Так ли было дело, примерещилось ли глухой бабке, но для изнывающих от однообразной, небогатой событиями жизни куштиряковских женщин случай этот оказался ну прямо лакомым куском, божьим даром. И пошла-поехала гулять по аулу веселая и стыдная молва!
Докатилась она и до Голубого Озера. Мансур посмеялся, как все, хмыкнул в усы и задумался. Давно уже, бывая в ауле, он приглядывался к соседям, чувствовал: что-то нечистое, темное творится за крепким забором, плотно закрытыми окнами, и никому это пока невдомек. Даже Хайдар в возмущении стукнул палкой об пол, но заявил, что тут бы в пору милиции заняться, да фактов никаких; не будешь же то ли увиденное, то ли придуманное выжившей из ума старухой нарушением закона считать. Решил Мансур поговорить с Гашурой и подкараулил ее у ворот.
Странный получился разговор. Не успел Мансур упрекнуть Гашуру в неуважении к односельчанам, та сразу же взвилась:
— Какое неуважение? Может, их тоже пригласить за стол?
— Нехорошо все это, Гашура...
— Вот не знала! — расхохоталась она. — К твоему сведению, городские ждут выходных дней как праздника. Только выпадет возможность, все сломя голову бросаются в леса, к рекам да озерам. Простой человек привык питаться в сухомятку, хлебом, луком да колбасой, а наши гости — люди солидные, с положением, им горячая пища нужна. Не могут они без разносолов и хорошей закуски. Ну и удобства всякие, обхождение...
— Дорого, наверно, обходится тебе такой дом?

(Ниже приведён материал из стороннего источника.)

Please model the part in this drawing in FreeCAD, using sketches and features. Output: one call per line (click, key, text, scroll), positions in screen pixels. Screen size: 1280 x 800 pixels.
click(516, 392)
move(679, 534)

— Да уж не дешево, — ответила Гашура и вдруг, презрительно усмехаясь, оглядела Мансура с головы до ног: старенький пиджак, истоптанные пыльные сапоги, вид усталый, нездоровый. — Скажу тебе откровенно, сосед, не обижайся, как был ты наивным деревенским мужиком, таким и остался, даже учение не помогло. Неужели думаешь, что я эту ораву на свои кровные ублажаю? Держи карман шире! Дураков нету. Разве легко было построить да обставить такой дом? Все, что имели, в эту прорву ушло. Но теперь, слава богу, расходы наши с лихвой вернулись...
— Вон оно что... — Мансура рассердило, что она, ничуть не стесняясь, хвастливо делится с ним своими тайнами да еще поучает его как мальчишку. Но сдержался, не стал пока спорить. Пусть выложит болтливая баба все свои секреты. Потому он будто невзначай зашел с другой стороны: — А как с законом? Он-то допускает ваши... делишки?

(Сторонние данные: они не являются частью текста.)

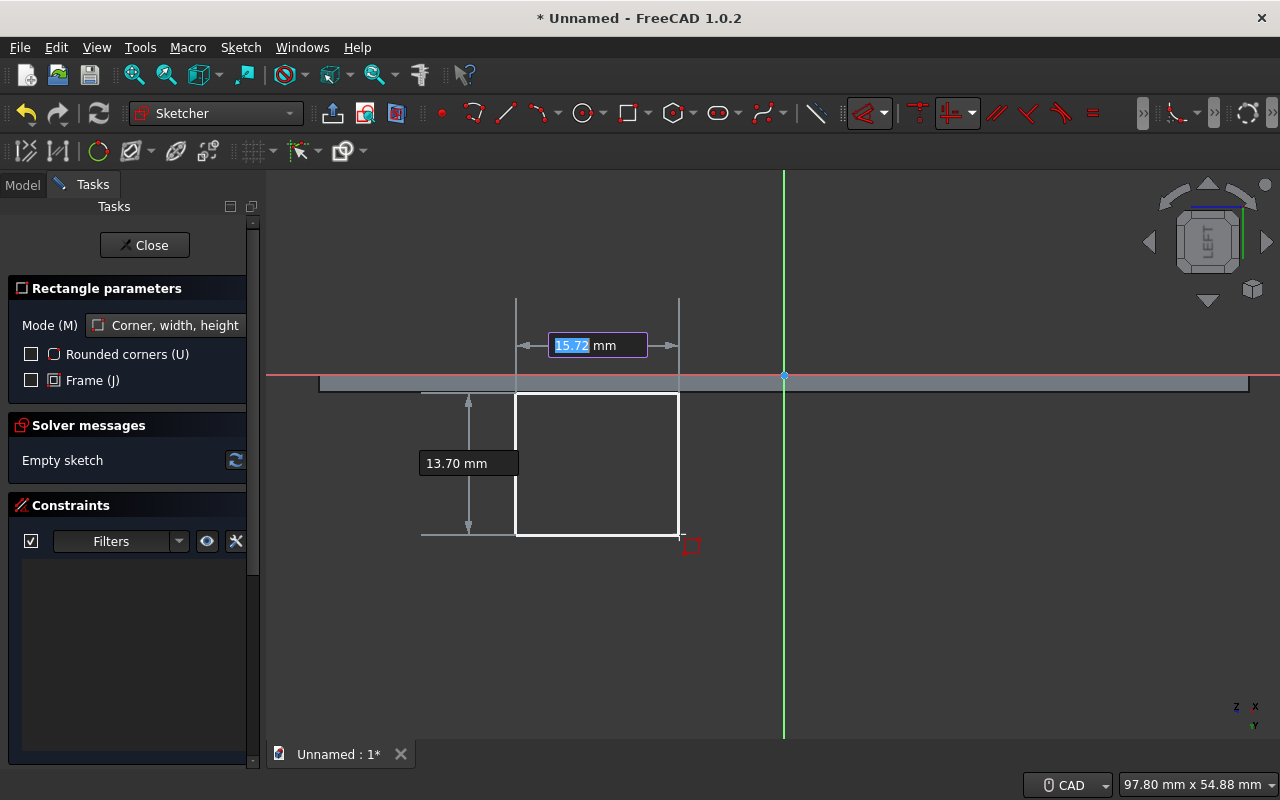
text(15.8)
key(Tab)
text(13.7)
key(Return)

— Удивил! Закону еще доискаться надо, что к чему. Дел ему без нас хватает. Попробуй-ка спроси у моих гостей, сколько они платят за эту райскую жизнь. Если кто не умеет держать язык за зубами, конец, путь ему закрыт, даже к воротам не подойдет. Все делается по уговору, дорогой сосед, и документик имеется, что дом этот построен сообща с моими сестрами. — Уперев руки в раздавшиеся жирные бока, Гашура рассмеялась с победоносным видом и шутливо погрозила Мансуру пальцем: — Смотри же, не проболтайся, я тебе по старой дружбе говорила.
— Дела! — Его поразила ее откровенность. — Как бы боком не вышло все это.
— Эх, Мансур, сосед мой незадачливый! Крутила тебя жизнь, ломала, а все не научился ты уму-разуму. Ну, разве можно жить в наше-то время простаком да без друзей? Но что с тобой толковать! — Она шагнула к резным воротам, обернулась, хихикая: — Может, зайдешь? Чаем угощу, и другое найдется. Хочешь, на будущей неделе подругу привезу. Такому, как ты, бобылю одинокому, в самый раз.
Тут уж Мансур не выдержал, взорвался:
— Не о тебе ли сказано: если у кого воронье в друзьях, то и питаться ему падалью! Ни стыда, ни совести, тьфу!